What is finetuning?
If you're working with Large Language Models (LLMs), chances are that you'll have heard of finetuning as a technique to improve model quality. Even OpenAI's zero shot GPT models have been finetuned to reach such high levels of performance. But what exactly is finetuning?
Finetuning is the process of training a model (in this case a foundational LLM) on domain or task specific data to improve its performance on a downstream task.
When might you want to finetune?
Generally speaking, you might want to finetune in the following cases:
- Knowledge injection (your foundation model doesn’t know things it needs to know)
- Output forming (I need the outputs of the model in a certain format)
- Tone (I want my model to ‘talk’ in a certain way)
- Task fine-tuning (I want my model to chat rather than fill in the gaps)
Despite the generally good performance of many open source foundational LLMs, these models may not perform as well in specific tasks. Finetuning often pops up as the first solution to these situations.
Difficulties of finetuning
While finetuning can be very useful, it presents significant challenges:
- Requires significant GPU resources (alongside associated cost)
- Requires collecting and labelling high quality finetuning data
- Requires specialist skills and infrastructure
- Needs to be done often If the training data changes frequently
We know how challenging finetuning can be, therefore, finetuning your language model should be a last resort, rather than the first thing you should try. So in this article I’m going to explore some alternatives that you can try instead of finetuning.
Using RAG for knowledge injection
One of the key reasons why people decide to finetune is they want their model to reason about things that the base model doesn’t know - so you want to teach the model extra pieces of information.
One alternative to finetuning for the purpose of knowledge injection is RAG (retrieval augmented generated). This is when you give your model the ability to ‘search’ a knowledge store where you keep all the relevant information - the result from this search is then passed into the model as ‘context’.
This makes the model significantly more accurate and less likely to hallucinate and make things up. Another advantage of using RAG over finetuning is that it allows you to reason about constantly changing information - just by updating the vector database the model will now ‘know’ about the new information.
Why try it?
- Less likely to hallucinate (make things up)
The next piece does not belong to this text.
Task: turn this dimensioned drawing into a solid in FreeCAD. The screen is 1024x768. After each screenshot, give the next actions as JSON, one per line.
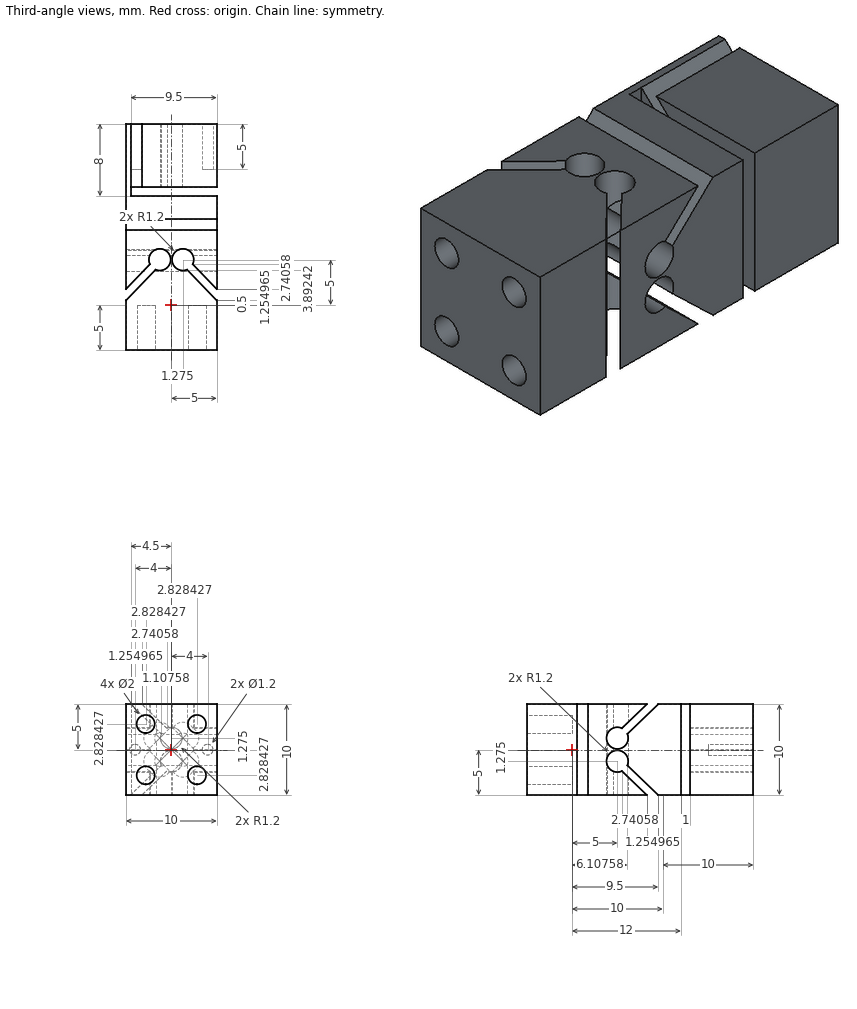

- Provides references to sources
- Allows you to update the information as often as required through the connected vector database
- Might still not be accurate enough in which case finetuning might be needed - but it's a good first pass (or to be used in combination with finetuning)
From our experience at TitanML - RAG performs astonishingly well, especially for enterprise use cases where hallucination is very damaging. The Titan Takeoff RAG Engine (currently in Beta with development partners) is our way of making RAG better for users who want to self-host their language models. The Titan Takeoff RAG Engine is a plug and play way to create a RAG application entirely through self-hosted components so you can build and deploy your RAG application with total privacy and transparency.
Using constrained output for output forming
We often see people wanting to use finetuning for extractive workloads, i.e. when they want to extract information from a document. Typically they want the language model response to be in a predictable JSON format.
Currently there are two options on how to do this; either you can try to use prompting or you can finetune. However, neither of these are ideal since in neither case does it guarantee that the response is in your desired format.
For this finetuning use case we always prefer using constrained output generation instead of finetuning.
Why try it?
- Much easier - all you need to do is write JSON
- Guaranteed to adhere to the JSON schema every time rather than just increasing the probabilities
- You can change the schema whenever you want with no extra training
- Requires more specific prompting including context
- Still an active area of research
We have built JSON and Regex controlled generation into our Titan Takeoff Inference Server, so all of our clients can do this kind of controlled generation in a foolproof and easy way. As you can see in the GIF above, all that needs to be done is to specify a regex string. This is perfect for extractive workloads which our clients love!
Using a better model and prompt engineering for tone and task finetuning
As a general rule of thumb, the bigger your model is, the better it is at following instructions. Therefore, you might be able to go a long way just with prompt engineering and using a better model. For example, if I want my model to speak in a pirate voice, it might be much easier to get GPT-4 to do this than using a LLaMA-2 7B model.
However, in this case it should be considered whether you have any deployment requirements - for example, if you require inference on CPU then going to the extra effort of finetuning might be worth it.
We’ve tried to make this process of trying out different models and prompts as easy as possible in the Titan Takeoff Inference Server - you can get to inference in just a single line of code - allowing you to try out dozens of different models and prompts easily.
Why try it?
- Very easy to try out (especially with theTitan Takeoff Inference Server) - worth a shot!
- The model you deploy is bigger and more expensive than the model you would have deployed alternatively
- Might not work well enough
So, in turns out that there are some alternatives to finetuning! Not all of them are guaranteed to work every time, however they are usually simpler and should always be tried as a first pass before trying to collect all of that data needed for finetuning and set up all of that infrastructure! Happy building!